The php script and the log in question are probably in the kernel's aggressive
block layer cache. The new files created by rust are potentially new and
uncached, mean that it must be loaded from disk. Therefore the rust version is
probably just losing time on disk access.

Quick test: review whether or not the rust version runs faster on the second
execution.

Also or alternatively: use a profiler or copy the rust program to an in-memory
block device (ramdisk) prior to access.

------
fortran77
This is an interesting discussion. It seems that it's possible for i/o to be
slow in Rust, and the PHP regex engine may be very good....

------
Thaxll
Rust doesn't make an average code implementation fast. Even naive mistakes
like buffering / allocation make things really slow.

------
stunt
In regard to all bad criticisms PHP receives, I believe the language and
ecosystem influence the way developers think. A bad language/ecosystem can
dictate bad practices and bad design choices because that’s what the language
encourages them to do. I remember every PHP-4/5 training course starting by
mixing PHP and HTML.

Majority of developers write crappy code even on a decent environment. But
there is so much old and bad PHP code out there as a result of many years of
teaching how to right bad PHP code that nothing can stop these bad criticisms
forever.

I don't write PHP at this moment but I know PHP7 made major improvements.
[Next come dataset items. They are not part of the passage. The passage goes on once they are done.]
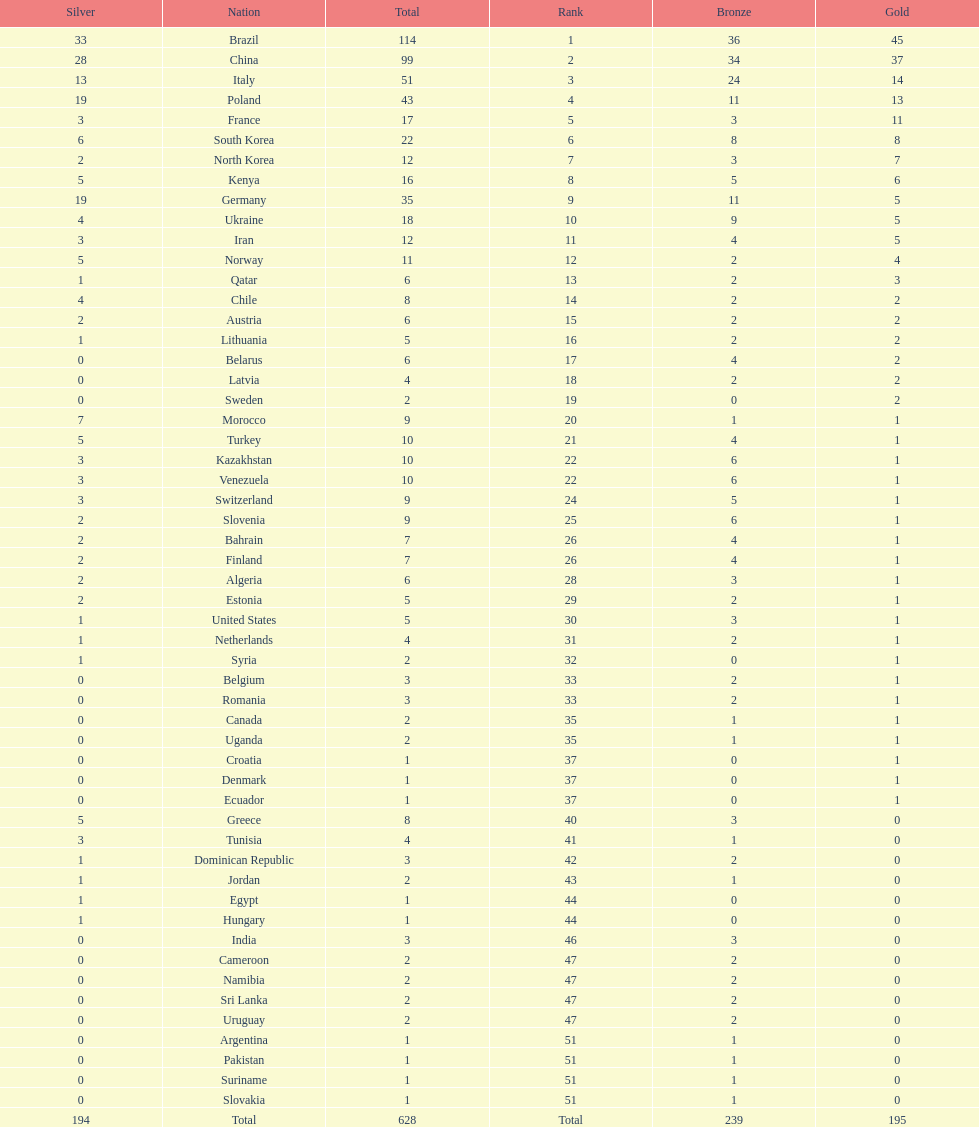Would you be able to parse every entry in this table? {'header': ['Silver', 'Nation', 'Total', 'Rank', 'Bronze', 'Gold'], 'rows': [['33', 'Brazil', '114', '1', '36', '45'], ['28', 'China', '99', '2', '34', '37'], ['13', 'Italy', '51', '3', '24', '14'], ['19', 'Poland', '43', '4', '11', '13'], ['3', 'France', '17', '5', '3', '11'], ['6', 'South Korea', '22', '6', '8', '8'], ['2', 'North Korea', '12', '7', '3', '7'], ['5', 'Kenya', '16', '8', '5', '6'], ['19', 'Germany', '35', '9', '11', '5'], ['4', 'Ukraine', '18', '10', '9', '5'], ['3', 'Iran', '12', '11', '4', '5'], ['5', 'Norway', '11', '12', '2', '4'], ['1', 'Qatar', '6', '13', '2', '3'], ['4', 'Chile', '8', '14', '2', '2'], ['2', 'Austria', '6', '15', '2', '2'], ['1', 'Lithuania', '5', '16', '2', '2'], ['0', 'Belarus', '6', '17', '4', '2'], ['0', 'Latvia', '4', '18', '2', '2'], ['0', 'Sweden', '2', '19', '0', '2'], ['7', 'Morocco', '9', '20', '1', '1'], ['5', 'Turkey', '10', '21', '4', '1'], ['3', 'Kazakhstan', '10', '22', '6', '1'], ['3', 'Venezuela', '10', '22', '6', '1'], ['3', 'Switzerland', '9', '24', '5', '1'], ['2', 'Slovenia', '9', '25', '6', '1'], ['2', 'Bahrain', '7', '26', '4', '1'], ['2', 'Finland', '7', '26', '4', '1'], ['2', 'Algeria', '6', '28', '3', '1'], ['2', 'Estonia', '5', '29', '2', '1'], ['1', 'United States', '5', '30', '3', '1'], ['1', 'Netherlands', '4', '31', '2', '1'], ['1', 'Syria', '2', '32', '0', '1'], ['0', 'Belgium', '3', '33', '2', '1'], ['0', 'Romania', '3', '33', '2', '1'], ['0', 'Canada', '2', '35', '1', '1'], ['0', 'Uganda', '2', '35', '1', '1'], ['0', 'Croatia', '1', '37', '0', '1'], ['0', 'Denmark', '1', '37', '0', '1'], ['0', 'Ecuador', '1', '37', '0', '1'], ['5', 'Greece', '8', '40', '3', '0'], ['3', 'Tunisia', '4', '41', '1', '0'], ['1', 'Dominican Republic', '3', '42', '2', '0'], ['1', 'Jordan', '2', '43', '1', '0'], ['1', 'Egypt', '1', '44', '0', '0'], ['1', 'Hungary', '1', '44', '0', '0'], ['0', 'India', '3', '46', '3', '0'], ['0', 'Cameroon', '2', '47', '2', '0'], ['0', 'Namibia', '2', '47', '2', '0'], ['0', 'Sri Lanka', '2', '47', '2', '0'], ['0', 'Uruguay', '2', '47', '2', '0'], ['0', 'Argentina', '1', '51', '1', '0'], ['0', 'Pakistan', '1', '51', '1', '0'], ['0', 'Suriname', '1', '51', '1', '0'], ['0', 'Slovakia', '1', '51', '1', '0'], ['194', 'Total', '628', 'Total', '239', '195']]} What's the total count of gold medals secured by germany? 5. 
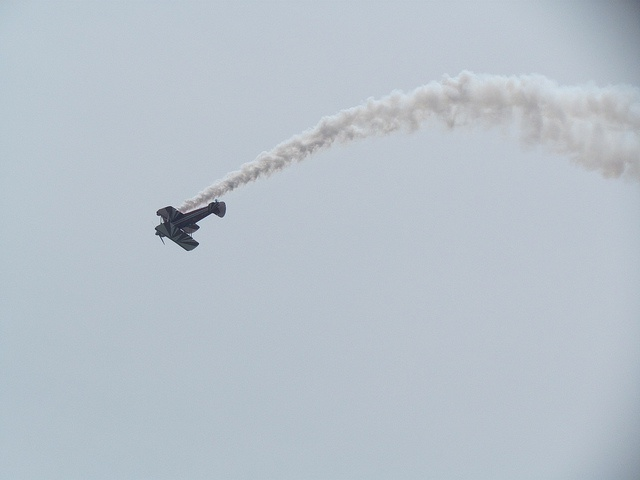Describe the objects in this image and their specific colors. I can see a airplane in lightgray, gray, and black tones in this image. 
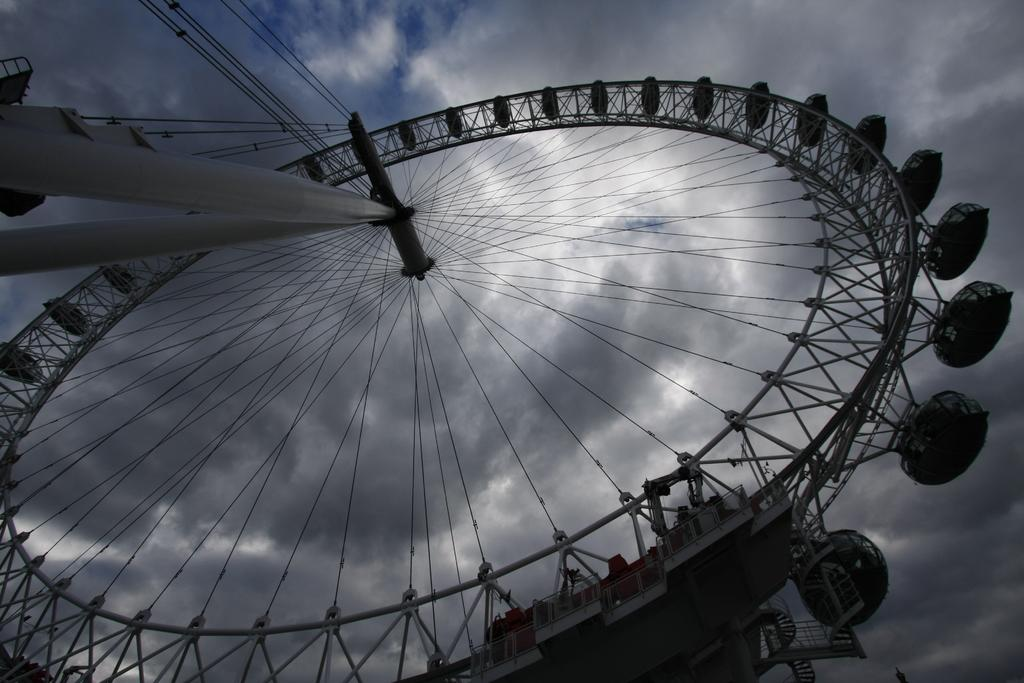What type of structure is present in the image? There is a Columbus wheel in the picture. How would you describe the weather based on the image? The sky is cloudy in the picture, suggesting a potentially overcast or cloudy day. How many cards are being held by the person wearing a vest in the image? There is no person wearing a vest or holding cards present in the image; it only features a Columbus wheel and a cloudy sky. 
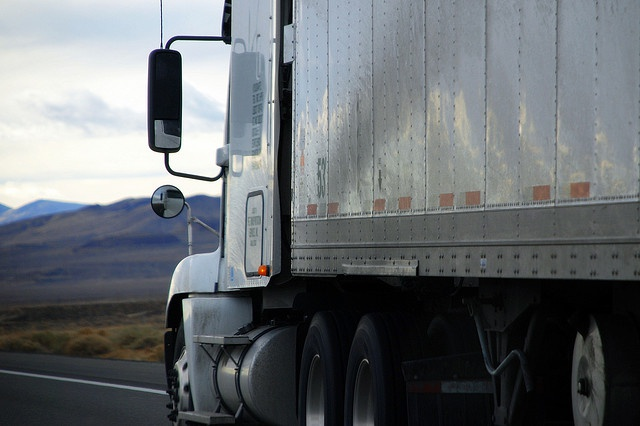Describe the objects in this image and their specific colors. I can see a truck in lightgray, black, darkgray, and gray tones in this image. 
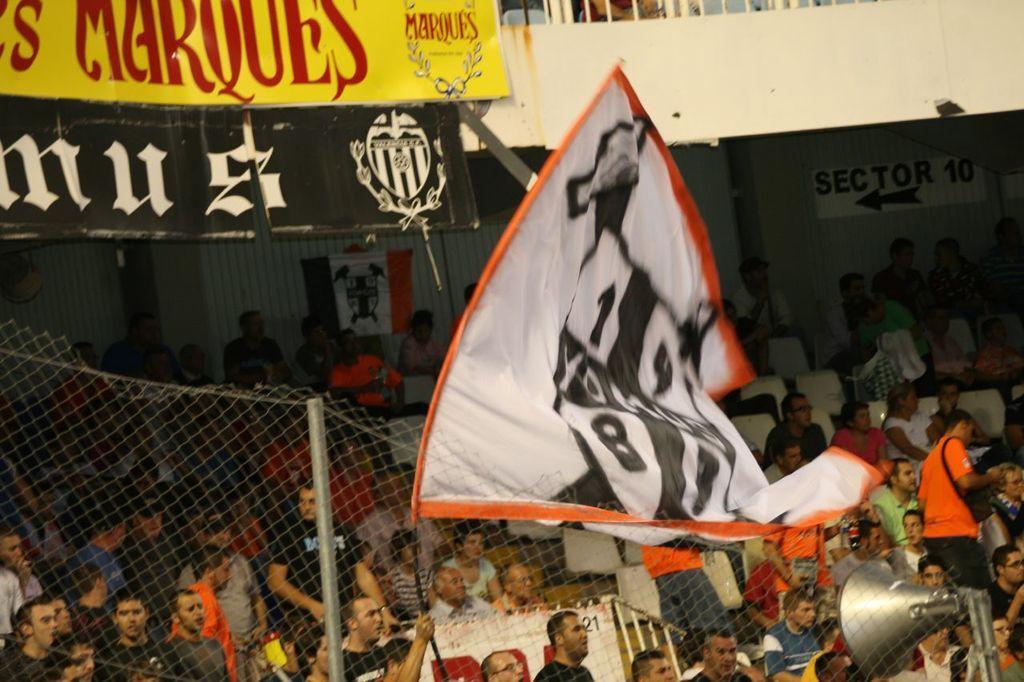Can you describe this image briefly? In this image, on the right side, we can see a microphone. In the middle of the image, we can see a flag. In the background, we can see a net fence, metal rod, group of people, board and a wall. 
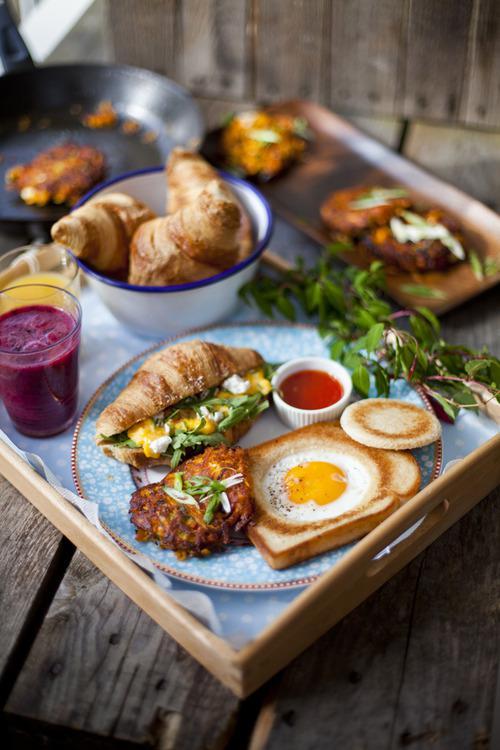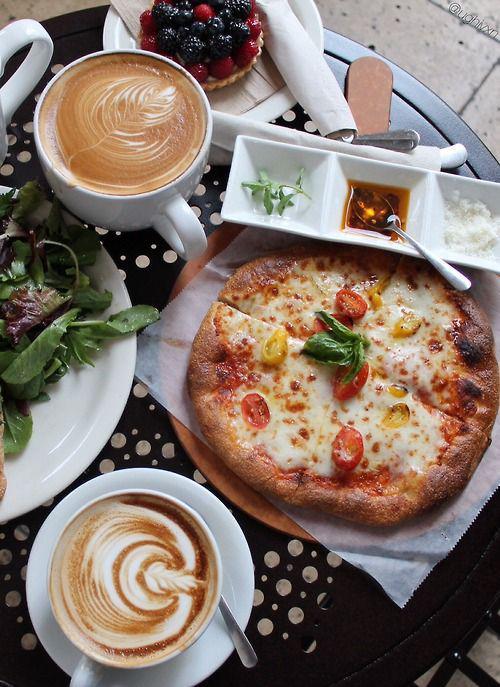The first image is the image on the left, the second image is the image on the right. For the images displayed, is the sentence "The right image shows only breakfast pizza." factually correct? Answer yes or no. No. The first image is the image on the left, the second image is the image on the right. Considering the images on both sides, is "A whole pizza is on the table." valid? Answer yes or no. Yes. 
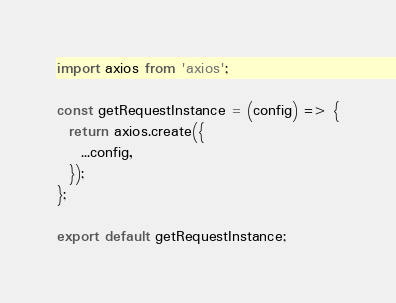<code> <loc_0><loc_0><loc_500><loc_500><_JavaScript_>import axios from 'axios';

const getRequestInstance = (config) => {
  return axios.create({
    ...config,
  });
};

export default getRequestInstance;
</code> 
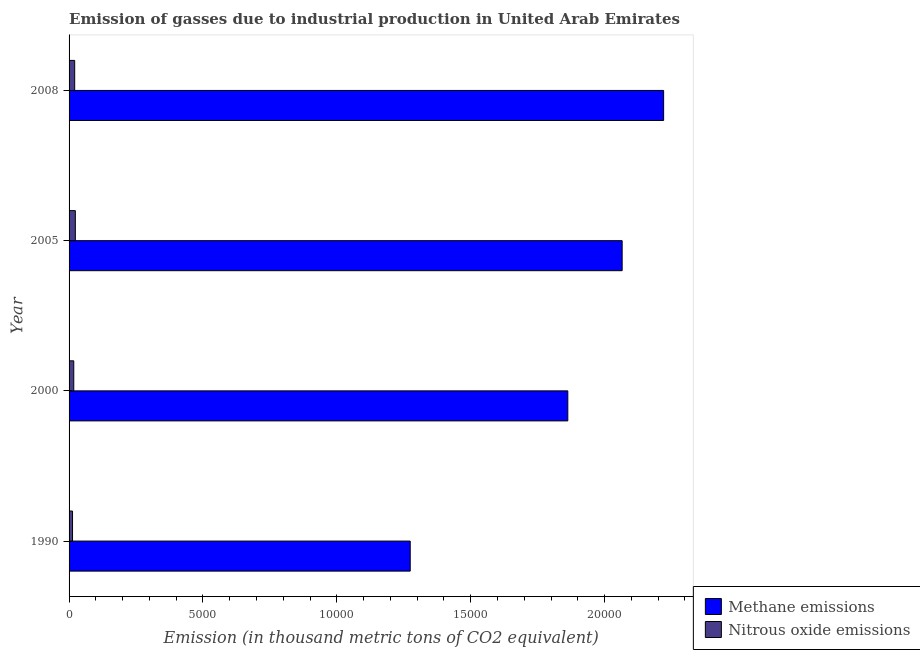How many groups of bars are there?
Ensure brevity in your answer.  4. Are the number of bars on each tick of the Y-axis equal?
Your answer should be very brief. Yes. How many bars are there on the 4th tick from the bottom?
Provide a succinct answer. 2. In how many cases, is the number of bars for a given year not equal to the number of legend labels?
Your answer should be compact. 0. What is the amount of nitrous oxide emissions in 2008?
Make the answer very short. 209.7. Across all years, what is the maximum amount of nitrous oxide emissions?
Provide a succinct answer. 234. Across all years, what is the minimum amount of methane emissions?
Offer a terse response. 1.27e+04. In which year was the amount of methane emissions maximum?
Your answer should be compact. 2008. What is the total amount of methane emissions in the graph?
Make the answer very short. 7.42e+04. What is the difference between the amount of methane emissions in 1990 and that in 2005?
Provide a short and direct response. -7915.3. What is the difference between the amount of methane emissions in 2008 and the amount of nitrous oxide emissions in 1990?
Your answer should be very brief. 2.21e+04. What is the average amount of methane emissions per year?
Make the answer very short. 1.86e+04. In the year 2000, what is the difference between the amount of methane emissions and amount of nitrous oxide emissions?
Give a very brief answer. 1.85e+04. In how many years, is the amount of methane emissions greater than 7000 thousand metric tons?
Ensure brevity in your answer.  4. What is the ratio of the amount of methane emissions in 2000 to that in 2005?
Your response must be concise. 0.9. Is the amount of nitrous oxide emissions in 2000 less than that in 2005?
Provide a succinct answer. Yes. Is the difference between the amount of nitrous oxide emissions in 1990 and 2008 greater than the difference between the amount of methane emissions in 1990 and 2008?
Make the answer very short. Yes. What is the difference between the highest and the second highest amount of methane emissions?
Ensure brevity in your answer.  1549. What is the difference between the highest and the lowest amount of nitrous oxide emissions?
Offer a very short reply. 104.8. In how many years, is the amount of methane emissions greater than the average amount of methane emissions taken over all years?
Ensure brevity in your answer.  3. What does the 2nd bar from the top in 2005 represents?
Ensure brevity in your answer.  Methane emissions. What does the 1st bar from the bottom in 2005 represents?
Provide a short and direct response. Methane emissions. How many bars are there?
Offer a very short reply. 8. Are all the bars in the graph horizontal?
Offer a very short reply. Yes. How many years are there in the graph?
Your response must be concise. 4. What is the difference between two consecutive major ticks on the X-axis?
Your response must be concise. 5000. Does the graph contain grids?
Offer a very short reply. No. How many legend labels are there?
Offer a terse response. 2. How are the legend labels stacked?
Your answer should be very brief. Vertical. What is the title of the graph?
Offer a terse response. Emission of gasses due to industrial production in United Arab Emirates. Does "Rural Population" appear as one of the legend labels in the graph?
Your answer should be compact. No. What is the label or title of the X-axis?
Keep it short and to the point. Emission (in thousand metric tons of CO2 equivalent). What is the label or title of the Y-axis?
Ensure brevity in your answer.  Year. What is the Emission (in thousand metric tons of CO2 equivalent) in Methane emissions in 1990?
Provide a succinct answer. 1.27e+04. What is the Emission (in thousand metric tons of CO2 equivalent) of Nitrous oxide emissions in 1990?
Offer a terse response. 129.2. What is the Emission (in thousand metric tons of CO2 equivalent) of Methane emissions in 2000?
Provide a short and direct response. 1.86e+04. What is the Emission (in thousand metric tons of CO2 equivalent) in Nitrous oxide emissions in 2000?
Ensure brevity in your answer.  175.5. What is the Emission (in thousand metric tons of CO2 equivalent) of Methane emissions in 2005?
Your answer should be compact. 2.07e+04. What is the Emission (in thousand metric tons of CO2 equivalent) in Nitrous oxide emissions in 2005?
Provide a succinct answer. 234. What is the Emission (in thousand metric tons of CO2 equivalent) in Methane emissions in 2008?
Give a very brief answer. 2.22e+04. What is the Emission (in thousand metric tons of CO2 equivalent) in Nitrous oxide emissions in 2008?
Your response must be concise. 209.7. Across all years, what is the maximum Emission (in thousand metric tons of CO2 equivalent) in Methane emissions?
Provide a short and direct response. 2.22e+04. Across all years, what is the maximum Emission (in thousand metric tons of CO2 equivalent) in Nitrous oxide emissions?
Make the answer very short. 234. Across all years, what is the minimum Emission (in thousand metric tons of CO2 equivalent) in Methane emissions?
Your answer should be compact. 1.27e+04. Across all years, what is the minimum Emission (in thousand metric tons of CO2 equivalent) of Nitrous oxide emissions?
Provide a short and direct response. 129.2. What is the total Emission (in thousand metric tons of CO2 equivalent) in Methane emissions in the graph?
Ensure brevity in your answer.  7.42e+04. What is the total Emission (in thousand metric tons of CO2 equivalent) in Nitrous oxide emissions in the graph?
Keep it short and to the point. 748.4. What is the difference between the Emission (in thousand metric tons of CO2 equivalent) in Methane emissions in 1990 and that in 2000?
Your answer should be very brief. -5885.7. What is the difference between the Emission (in thousand metric tons of CO2 equivalent) in Nitrous oxide emissions in 1990 and that in 2000?
Keep it short and to the point. -46.3. What is the difference between the Emission (in thousand metric tons of CO2 equivalent) of Methane emissions in 1990 and that in 2005?
Ensure brevity in your answer.  -7915.3. What is the difference between the Emission (in thousand metric tons of CO2 equivalent) of Nitrous oxide emissions in 1990 and that in 2005?
Give a very brief answer. -104.8. What is the difference between the Emission (in thousand metric tons of CO2 equivalent) of Methane emissions in 1990 and that in 2008?
Your answer should be compact. -9464.3. What is the difference between the Emission (in thousand metric tons of CO2 equivalent) in Nitrous oxide emissions in 1990 and that in 2008?
Offer a terse response. -80.5. What is the difference between the Emission (in thousand metric tons of CO2 equivalent) of Methane emissions in 2000 and that in 2005?
Provide a succinct answer. -2029.6. What is the difference between the Emission (in thousand metric tons of CO2 equivalent) in Nitrous oxide emissions in 2000 and that in 2005?
Offer a terse response. -58.5. What is the difference between the Emission (in thousand metric tons of CO2 equivalent) of Methane emissions in 2000 and that in 2008?
Provide a short and direct response. -3578.6. What is the difference between the Emission (in thousand metric tons of CO2 equivalent) in Nitrous oxide emissions in 2000 and that in 2008?
Your answer should be compact. -34.2. What is the difference between the Emission (in thousand metric tons of CO2 equivalent) of Methane emissions in 2005 and that in 2008?
Your answer should be very brief. -1549. What is the difference between the Emission (in thousand metric tons of CO2 equivalent) in Nitrous oxide emissions in 2005 and that in 2008?
Provide a succinct answer. 24.3. What is the difference between the Emission (in thousand metric tons of CO2 equivalent) in Methane emissions in 1990 and the Emission (in thousand metric tons of CO2 equivalent) in Nitrous oxide emissions in 2000?
Provide a succinct answer. 1.26e+04. What is the difference between the Emission (in thousand metric tons of CO2 equivalent) of Methane emissions in 1990 and the Emission (in thousand metric tons of CO2 equivalent) of Nitrous oxide emissions in 2005?
Your answer should be very brief. 1.25e+04. What is the difference between the Emission (in thousand metric tons of CO2 equivalent) of Methane emissions in 1990 and the Emission (in thousand metric tons of CO2 equivalent) of Nitrous oxide emissions in 2008?
Provide a succinct answer. 1.25e+04. What is the difference between the Emission (in thousand metric tons of CO2 equivalent) in Methane emissions in 2000 and the Emission (in thousand metric tons of CO2 equivalent) in Nitrous oxide emissions in 2005?
Your answer should be compact. 1.84e+04. What is the difference between the Emission (in thousand metric tons of CO2 equivalent) of Methane emissions in 2000 and the Emission (in thousand metric tons of CO2 equivalent) of Nitrous oxide emissions in 2008?
Provide a succinct answer. 1.84e+04. What is the difference between the Emission (in thousand metric tons of CO2 equivalent) in Methane emissions in 2005 and the Emission (in thousand metric tons of CO2 equivalent) in Nitrous oxide emissions in 2008?
Provide a succinct answer. 2.04e+04. What is the average Emission (in thousand metric tons of CO2 equivalent) in Methane emissions per year?
Make the answer very short. 1.86e+04. What is the average Emission (in thousand metric tons of CO2 equivalent) in Nitrous oxide emissions per year?
Offer a very short reply. 187.1. In the year 1990, what is the difference between the Emission (in thousand metric tons of CO2 equivalent) of Methane emissions and Emission (in thousand metric tons of CO2 equivalent) of Nitrous oxide emissions?
Provide a succinct answer. 1.26e+04. In the year 2000, what is the difference between the Emission (in thousand metric tons of CO2 equivalent) in Methane emissions and Emission (in thousand metric tons of CO2 equivalent) in Nitrous oxide emissions?
Give a very brief answer. 1.85e+04. In the year 2005, what is the difference between the Emission (in thousand metric tons of CO2 equivalent) of Methane emissions and Emission (in thousand metric tons of CO2 equivalent) of Nitrous oxide emissions?
Provide a succinct answer. 2.04e+04. In the year 2008, what is the difference between the Emission (in thousand metric tons of CO2 equivalent) in Methane emissions and Emission (in thousand metric tons of CO2 equivalent) in Nitrous oxide emissions?
Offer a terse response. 2.20e+04. What is the ratio of the Emission (in thousand metric tons of CO2 equivalent) in Methane emissions in 1990 to that in 2000?
Offer a terse response. 0.68. What is the ratio of the Emission (in thousand metric tons of CO2 equivalent) in Nitrous oxide emissions in 1990 to that in 2000?
Provide a short and direct response. 0.74. What is the ratio of the Emission (in thousand metric tons of CO2 equivalent) of Methane emissions in 1990 to that in 2005?
Keep it short and to the point. 0.62. What is the ratio of the Emission (in thousand metric tons of CO2 equivalent) of Nitrous oxide emissions in 1990 to that in 2005?
Ensure brevity in your answer.  0.55. What is the ratio of the Emission (in thousand metric tons of CO2 equivalent) in Methane emissions in 1990 to that in 2008?
Offer a terse response. 0.57. What is the ratio of the Emission (in thousand metric tons of CO2 equivalent) of Nitrous oxide emissions in 1990 to that in 2008?
Keep it short and to the point. 0.62. What is the ratio of the Emission (in thousand metric tons of CO2 equivalent) in Methane emissions in 2000 to that in 2005?
Provide a succinct answer. 0.9. What is the ratio of the Emission (in thousand metric tons of CO2 equivalent) in Methane emissions in 2000 to that in 2008?
Offer a terse response. 0.84. What is the ratio of the Emission (in thousand metric tons of CO2 equivalent) in Nitrous oxide emissions in 2000 to that in 2008?
Give a very brief answer. 0.84. What is the ratio of the Emission (in thousand metric tons of CO2 equivalent) of Methane emissions in 2005 to that in 2008?
Keep it short and to the point. 0.93. What is the ratio of the Emission (in thousand metric tons of CO2 equivalent) of Nitrous oxide emissions in 2005 to that in 2008?
Provide a succinct answer. 1.12. What is the difference between the highest and the second highest Emission (in thousand metric tons of CO2 equivalent) of Methane emissions?
Provide a short and direct response. 1549. What is the difference between the highest and the second highest Emission (in thousand metric tons of CO2 equivalent) of Nitrous oxide emissions?
Offer a terse response. 24.3. What is the difference between the highest and the lowest Emission (in thousand metric tons of CO2 equivalent) of Methane emissions?
Your response must be concise. 9464.3. What is the difference between the highest and the lowest Emission (in thousand metric tons of CO2 equivalent) in Nitrous oxide emissions?
Offer a very short reply. 104.8. 
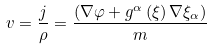Convert formula to latex. <formula><loc_0><loc_0><loc_500><loc_500>v = \frac { j } { \rho } = \frac { \left ( \nabla \varphi + g ^ { \alpha } \left ( \xi \right ) \nabla \xi _ { \alpha } \right ) } { m }</formula>

PHP
is still a very good choice for rapid web development and fits for many
startups, small, and medium size business, and there are many successful
examples to back it up.

------
alephnan
Regarding the slowness of Go in the benchmarks linked in the article,
[https://medium.com/@dgryski/speeding-up-regexp-matching-
with...](https://medium.com/@dgryski/speeding-up-regexp-matching-with-
ragel-4727f1c16027).

There are tradeoffs with PCRE vs RE2 instead of just raw speed.